The solution proposed by Salil Bhate was to calcaulte a score of the enrichment of the gene targeting guides compared to the negative controls.

In [28]:
import random 
import statistics

def enrich_score(scores, neg_ctrl_scores):
    assert(len(scores) == len(neg_ctrl_scores))
    return(statistics.mean(scores) - statistics.mean(neg_ctrl_scores))

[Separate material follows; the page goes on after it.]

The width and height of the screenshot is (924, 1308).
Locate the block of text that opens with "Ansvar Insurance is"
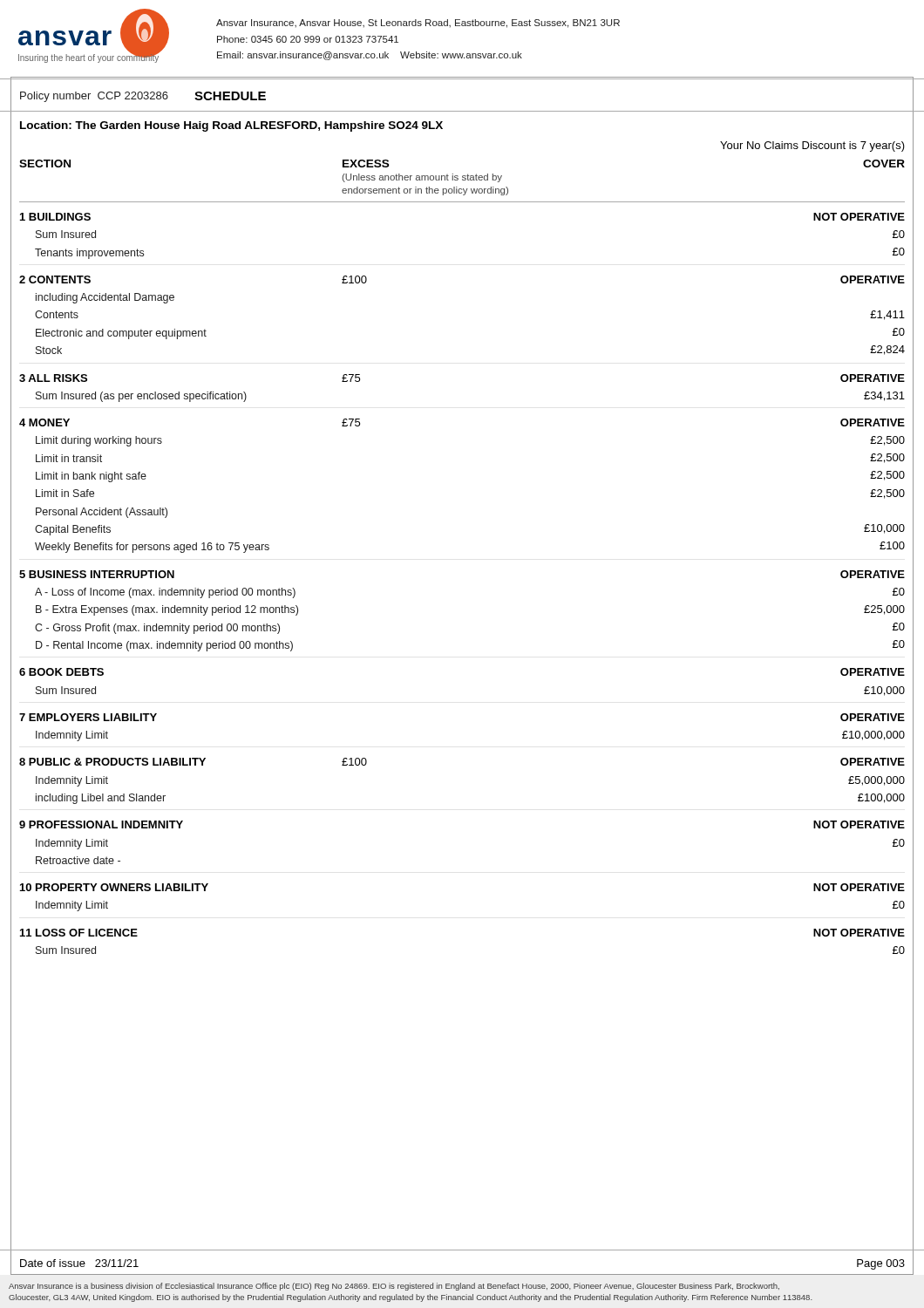tap(411, 1291)

def cal_enrich(gene_targeting_guides, neg_ctrl_guides, n_bootstraps = 10000):
    n_gene = len(gene_targeting_guides)
    samples_scores = []
    for i in range(n_bootstraps):
        neg_ctrl_sample = random.sample(neg_ctrl_guides, n_gene)
        samples_scores.append(enrich_score(gene_targeting_guides, neg_ctrl_sample))
    return statistics.mean(samples_scores)

g = 'Gm4736'
guides = neuron[neuron['gene'] == g]['pos_vs_neg_lfc_avg'].tolist()
print(len(guides))
print(guides)

neg_ctrl_guides = neuron[neuron['gene'] == 'random']['pos_vs_neg_lfc_avg'].tolist()
print(len(neg_ctrl_guides))

neg_ctrl_sample = random.sample(neg_ctrl_guides, len(guides))
print(len(neg_ctrl_sample))
print(neg_ctrl_sample)

cal_enrich(neuron[neuron['gene'] == g]['pos_vs_neg_lfc_avg'].tolist(),
           neuron[neuron['gene'] == 'random']['pos_vs_neg_lfc_avg'].tolist())
5
[-0.051638582979339986, -0.5709901880241777, 0.17943040819011102, 0.17943040819011102, 0.5476740973761256]
8237
5
[-1.5268412000817353, 3.888907026395401, 2.5909816179634557, 0.9260165549450683, -0.3309388391867021]
Out[28]:
-0.2631524074368839
In [29]:
genes = neuron['gene'].unique().tolist()
genes.remove('random')
print(len(genes))
gene_scores = pd.DataFrame({'gene': genes})
gene_scores['score'] = \
  gene_scores['gene'].map(lambda g: cal_enrich(neuron[neuron['gene'] == g]['pos_vs_neg_lfc_avg'].tolist(),
                                               neuron[neuron['gene'] == 'random']['pos_vs_neg_lfc_avg'].tolist()))
gene_scores['n_guides'] = gene_scores['gene'].map(lambda g: sum(neuron['gene'] == g))
gene_scores.head()
785
Out[29]:
gene score n_guides
0 Sox17 -0.347266 252
1 Mybl1 -0.426841 48
2 Ncoa2 -0.432888 72
3 Msc 0.169258 60
4 Arid5a -0.015604 237
In [30]:
gene_scores.sort_values(by = 'score', ascending = False).head(30)
Out[30]:
gene score n_guides
216 Obox5 2.404559 2
86 Snai1 1.029969 82
205 Zfp239 0.926932 40
6 Pou3f3 0.874267 60
201 Pcbp1 0.818536 40
280 Zfp423 0.815143 138
212 Zfp628 0.812128 4
500 Pcbp2 0.794597 65
572 Foxd4 0.763076 38
604 Pax3 0.731000 141
124 Foxd3 0.723851 78
407 Sox11 0.723564 62
42 Ptf1a 0.667576 96
409 Twist1 0.633802 82
541 Zbtb12 0.611154 44
171 Foxk1 0.592274 34
135 Nfyc 0.571604 93
556 Pura 0.568692 37
342 Ascl1 0.566426 78
475 Zic2 0.548996 127
454 Foxd1 0.521924 82
82 Tgif2 0.519055 258
542 Pou5f1 0.517626 169
23 Myog 0.514009 110
391 Ikzf3 0.508076 31
563 Smad7 0.481705 114
239 Myod1 0.480629 148
112 Pou3f2 0.475212 90
444 Neurog1 0.474284 116
645 Nr1h2 0.473144 36
In [31]:
gene_scores['score'].hist(bins = 25, color = 'black')
Out[31]:
<AxesSubplot:>
In [32]:
gene_scores['score'].median()
Out[32]:
-0.06582876582313937

We see a lot of these genes overlap with the original list, though it doesn't correspond exactly. But that's not totally unexpected. We also see that the median of the gene scores is slightly negative, which means that most gene scores are negative. We cannot assume there that a null gene has zero effect, relative to the negative controls. Instead most genes have a negative effect. Seems strange, but it can trip you up.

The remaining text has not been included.